Cleveland-Cliffs to Overcome Near-Term Headwinds With Stelco Acquisition

Cleveland Cliffs

Cleveland-Cliffs (NYSE: CLF) has evolved from a traditional iron ore miner into a dominant integrated steelmaker in North America, driven by a series of transformative acquisitions. Its latest move—the $3.85 billion purchase of Canadian steelmaker Stelco (TSX: STLC) in November 2024—cements its position as the region’s leading flat-rolled steel producer. The acquisition enhances Cliffs’ market diversification, strengthens its presence in Canada, and expands its production footprint. Notably, Stelco will operate as a wholly-owned subsidiary of Cleveland-Cliffs.
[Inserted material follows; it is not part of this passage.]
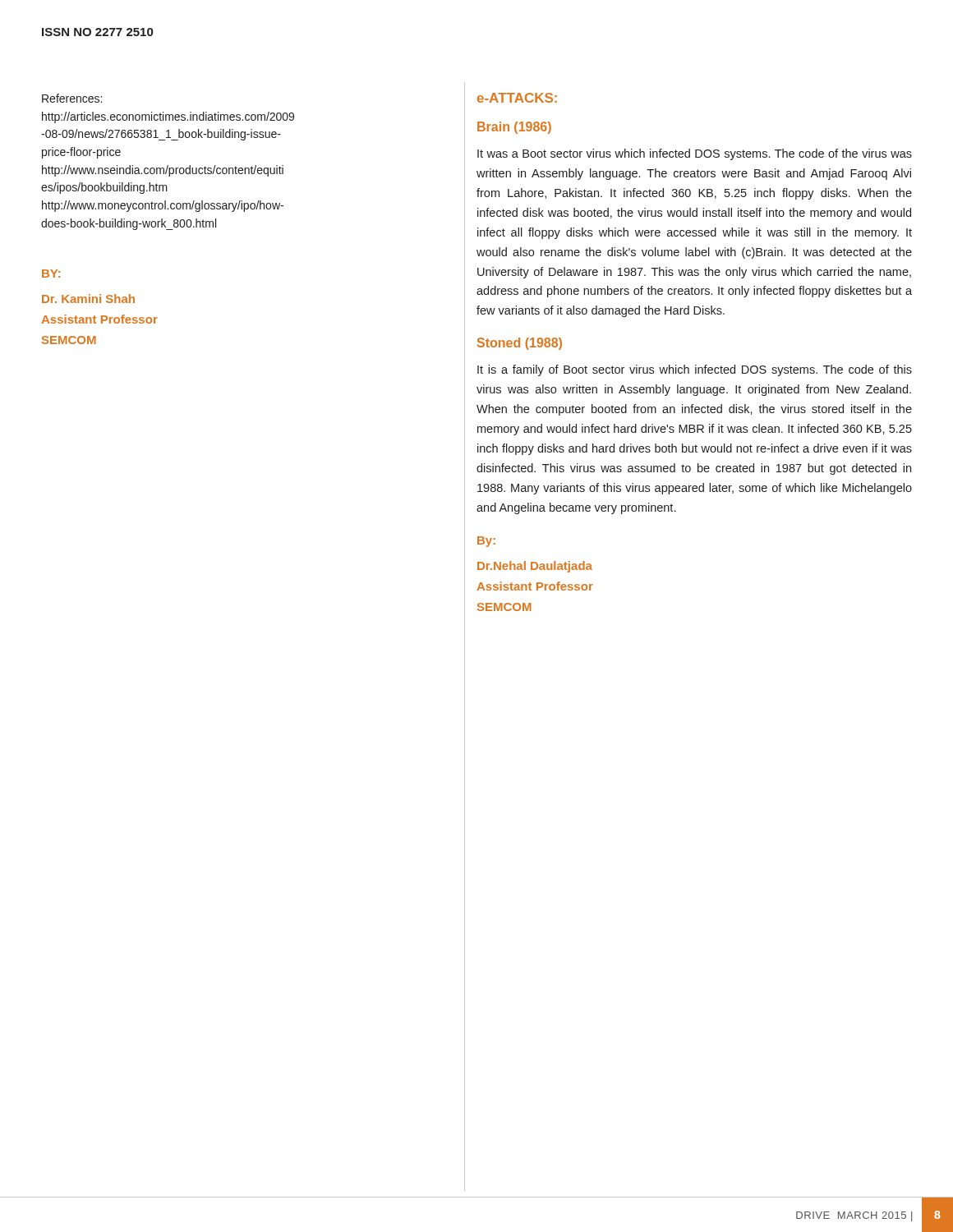Locate the text "Stoned (1988)"
This screenshot has height=1232, width=953.
520,343

Despite this strategic growth, the company faces near-term headwinds. Sluggish demand for automotive steel, a key segment, is weighing on performance. Visible Alpha consensus estimates project a -12% year-over-year decline in Cleveland-Cliffs’ 2024 revenues to $19.3 billion, sharper than the -4% dip seen last year. Steel, which accounts for 88% of Cliffs’ revenues, is forecasted to generate $17 billion—a year-over-year drop of -12%. This weakness is attributed to lower steel sales volumes, projected to fall -5% to 15.6 million tons, alongside a -7% decline in average realized prices to $1,089 per ton.
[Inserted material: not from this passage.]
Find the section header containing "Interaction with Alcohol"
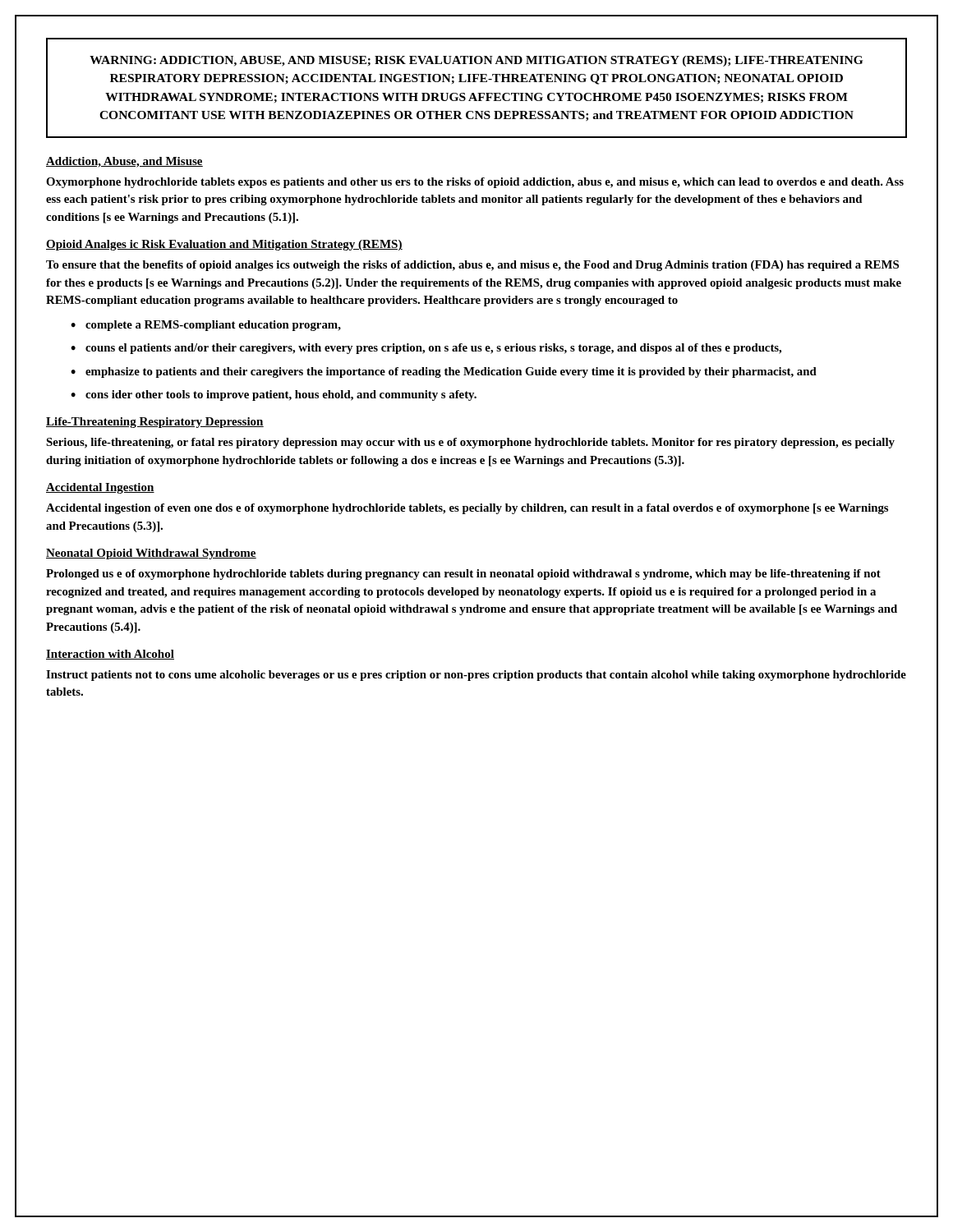 [110, 654]

However, a rebound is on the horizon for 2025. The Stelco acquisition is expected to significantly bolster production capacity, particularly for hot-rolled steel. Hot-rolled steel, which represents 35% of Cliffs’ steel sales volume, is projected to see sales volume surge +30% year-over-year in 2025, adding 7.1 million tons to total steel volume. Correspondingly, hot-rolled steel revenues are estimated to jump +33% year-over-year to $5.7 billion, driving total steel revenues up +8% to $18.3 billion. Analysts also forecast a sharp recovery in Cleveland-Cliffs’ EBITDA, projecting a substantial increase in 2025.